Vasa parrots use pebbles to make themselves calcium nutrients
BEACON TRANSCRIPT – The animal world doesn’t seem to stop amazing us with new things every day and birds are especially surprising as we found out that parrots use tools to make calcium.
Every species of bird has its way of feeding, whether it is by hunting down their pray or simply looking for a yummy worm. They manage to take from nature everything they need in order to maintain themselves fed and healthy, and they often do it in the most inventive ways.
Scientists have recently discovered, while studying a captive population of vasa parrots, that these birds use tools to help them create their own calcium powder. They are basically making a nutritional supplement in order to satisfy their needs.
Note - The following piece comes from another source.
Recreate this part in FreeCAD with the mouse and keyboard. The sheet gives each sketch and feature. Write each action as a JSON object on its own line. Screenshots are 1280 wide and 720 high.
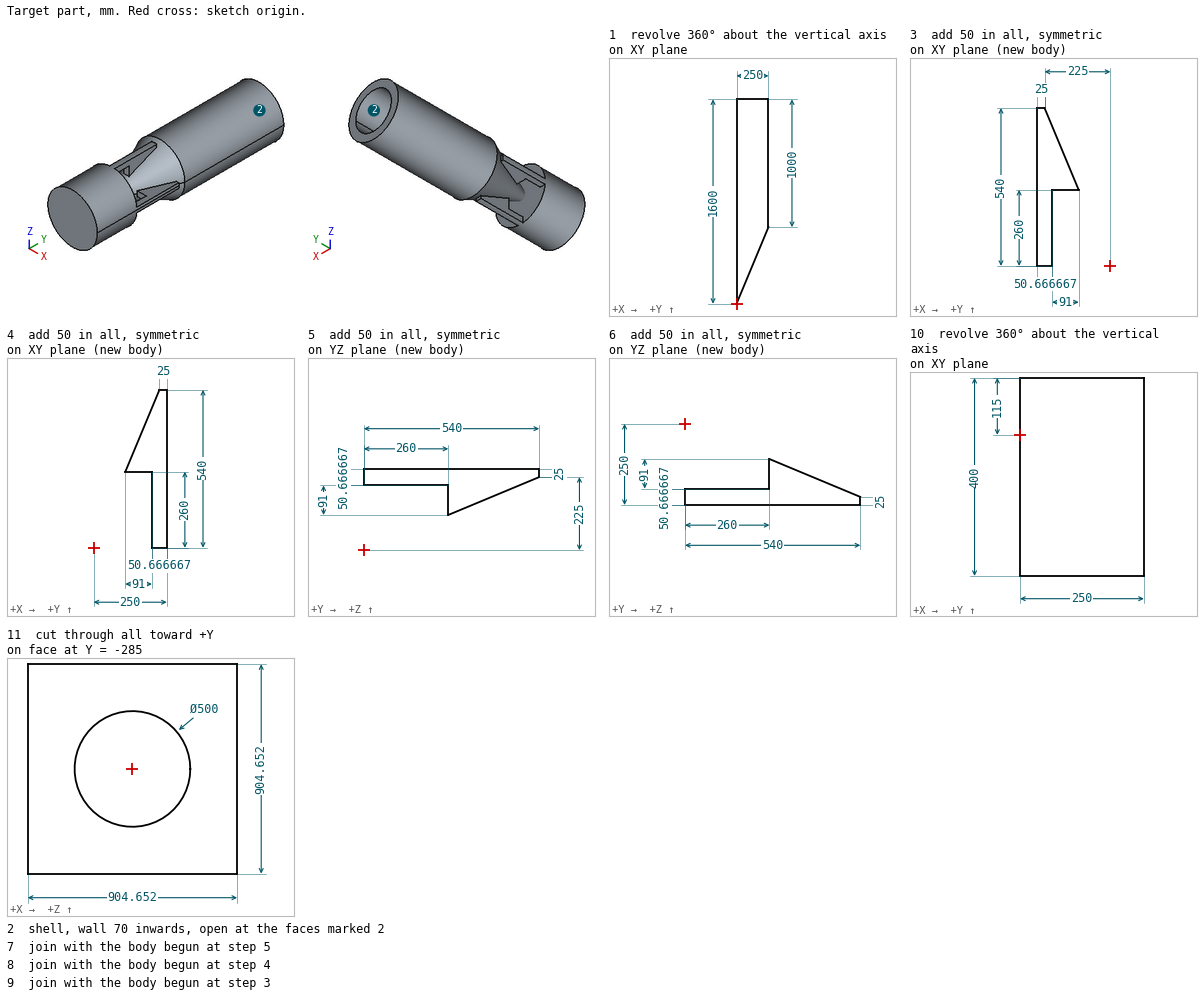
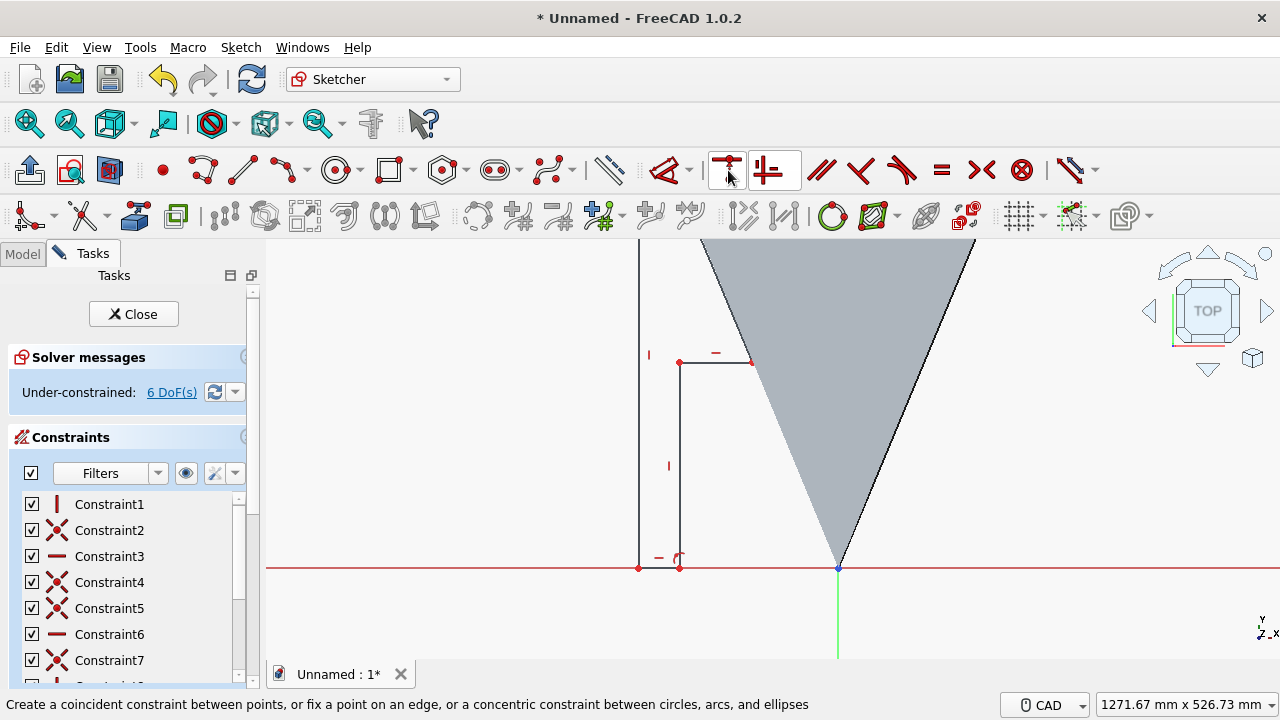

Although the researchers didn’t have the opportunity to see when and how this ‘occupation’ started, according to their knowledge of these birds behavior, they assumed that they simply copied each other. More exactly, the vasa parrots have a certain social system in which they share tools so it is most likely that one of the birds started using pebbles to make calcium and the others simply followed.
What they do is that they use the pebbles to break apart the shells and after that they grind the shells into a very fine powder which they consume. Although they are known for nibbling shells, parrots usually do this with their beaks. Using pebbles might be a way of preserving their beaks from scraping or wearing off.
The reason these birds are interested in the shells and the calcium they get from them is that unlike mammals, they cannot store much calcium so they may need supplements especially before and during the breeding season. The calcium helps them form their eggshells, which could not develop without this substance. Therefore, in this period they need calcium for them as well as for their future ‘babies’.
The fact that such a habit of using tools to create nutrients was observed among these particular birds does not necessarily come as a surprise, because vasa parrots are extremely sociable and tolerable which makes it easier for them to cohabitate and learn from each other.